WEEK OF ASH WEDNESDAY
Sun - Feb 26
The famous [infamous?] story of Adam and Eve in the Garden of Eden…Genesis 2:15-17; 3:1-7: “But the serpent said to the woman, “You will not die…you will be like God, knowing good and evil.” “This Lent, ask the Holy Spirit to help you recognize where you are being tempted to rebel against God. It may be something subtle, like persisting in a bad habit. Or it may be something more obvious, like resisting God’s will in a difficult situation. Don’t get discouraged if you see signs of rebellion:…through Jesus’ death and Resurrection, we have all received an ‘abundance of grace’…that can help you overcome any temptation—including the temptation to be your own god!… ‘Jesus, give me the grace to submit to you in all things.’” [“The Word Among Us,” Lent 2023, p 26]
Sat - Feb 25
The Eucharistic readings for today are from Isaiah 58:9-14, and Luke 5:27-32. Jesus responds to the critique of his dinner company by the Pharisees by reminding them that it’s not the well who need a doctor, but those who are sick.

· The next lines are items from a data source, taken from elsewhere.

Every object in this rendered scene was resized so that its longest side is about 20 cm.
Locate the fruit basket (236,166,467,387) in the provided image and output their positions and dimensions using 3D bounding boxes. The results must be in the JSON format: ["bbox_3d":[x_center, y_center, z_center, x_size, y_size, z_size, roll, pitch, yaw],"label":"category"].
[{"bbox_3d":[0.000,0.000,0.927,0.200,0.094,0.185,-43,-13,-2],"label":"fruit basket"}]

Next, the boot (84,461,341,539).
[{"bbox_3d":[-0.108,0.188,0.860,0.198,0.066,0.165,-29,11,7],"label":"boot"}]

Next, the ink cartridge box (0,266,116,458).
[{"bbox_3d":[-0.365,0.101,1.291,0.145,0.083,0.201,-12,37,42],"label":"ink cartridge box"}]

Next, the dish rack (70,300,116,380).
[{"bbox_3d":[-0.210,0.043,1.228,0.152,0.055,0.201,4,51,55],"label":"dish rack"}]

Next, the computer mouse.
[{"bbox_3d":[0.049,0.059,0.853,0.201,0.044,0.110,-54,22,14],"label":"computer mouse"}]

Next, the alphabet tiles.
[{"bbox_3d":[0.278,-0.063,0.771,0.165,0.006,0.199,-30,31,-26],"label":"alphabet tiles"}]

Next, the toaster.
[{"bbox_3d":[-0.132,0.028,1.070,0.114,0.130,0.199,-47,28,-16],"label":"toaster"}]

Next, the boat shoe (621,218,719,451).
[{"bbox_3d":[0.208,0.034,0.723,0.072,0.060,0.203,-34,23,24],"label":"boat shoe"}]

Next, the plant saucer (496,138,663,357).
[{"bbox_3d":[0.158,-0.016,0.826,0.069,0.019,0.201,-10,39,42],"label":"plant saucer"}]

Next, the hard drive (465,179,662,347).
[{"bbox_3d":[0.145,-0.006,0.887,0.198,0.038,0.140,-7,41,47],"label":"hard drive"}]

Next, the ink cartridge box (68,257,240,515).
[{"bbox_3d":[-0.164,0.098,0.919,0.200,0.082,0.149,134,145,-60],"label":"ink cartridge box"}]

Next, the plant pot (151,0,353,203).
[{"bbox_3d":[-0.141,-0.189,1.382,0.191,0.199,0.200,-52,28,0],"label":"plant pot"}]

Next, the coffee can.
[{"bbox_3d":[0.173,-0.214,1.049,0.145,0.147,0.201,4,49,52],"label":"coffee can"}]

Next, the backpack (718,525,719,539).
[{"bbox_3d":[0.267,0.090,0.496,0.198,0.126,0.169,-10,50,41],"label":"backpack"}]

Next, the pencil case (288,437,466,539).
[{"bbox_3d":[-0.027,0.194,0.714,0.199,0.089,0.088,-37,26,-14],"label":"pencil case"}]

The Prophet Isaiah reminds the people that mere observance of the Law of God, the Torah, with all its regulations and demands, means nothing if the heart is disengaged. So, what is the sickness? It’s the belief that God wants us to follow the rules God has given us. God gave the rules not to enslave us but to free us, to learn how to love and to care. We can fulfill our duties not because we’re afraid of punishment but because we love the Lord who loved us first. Ask for the grace to see the Lord as the “Great Lover of Humankind” and who calls us to life and to love, not to enslavement to rules.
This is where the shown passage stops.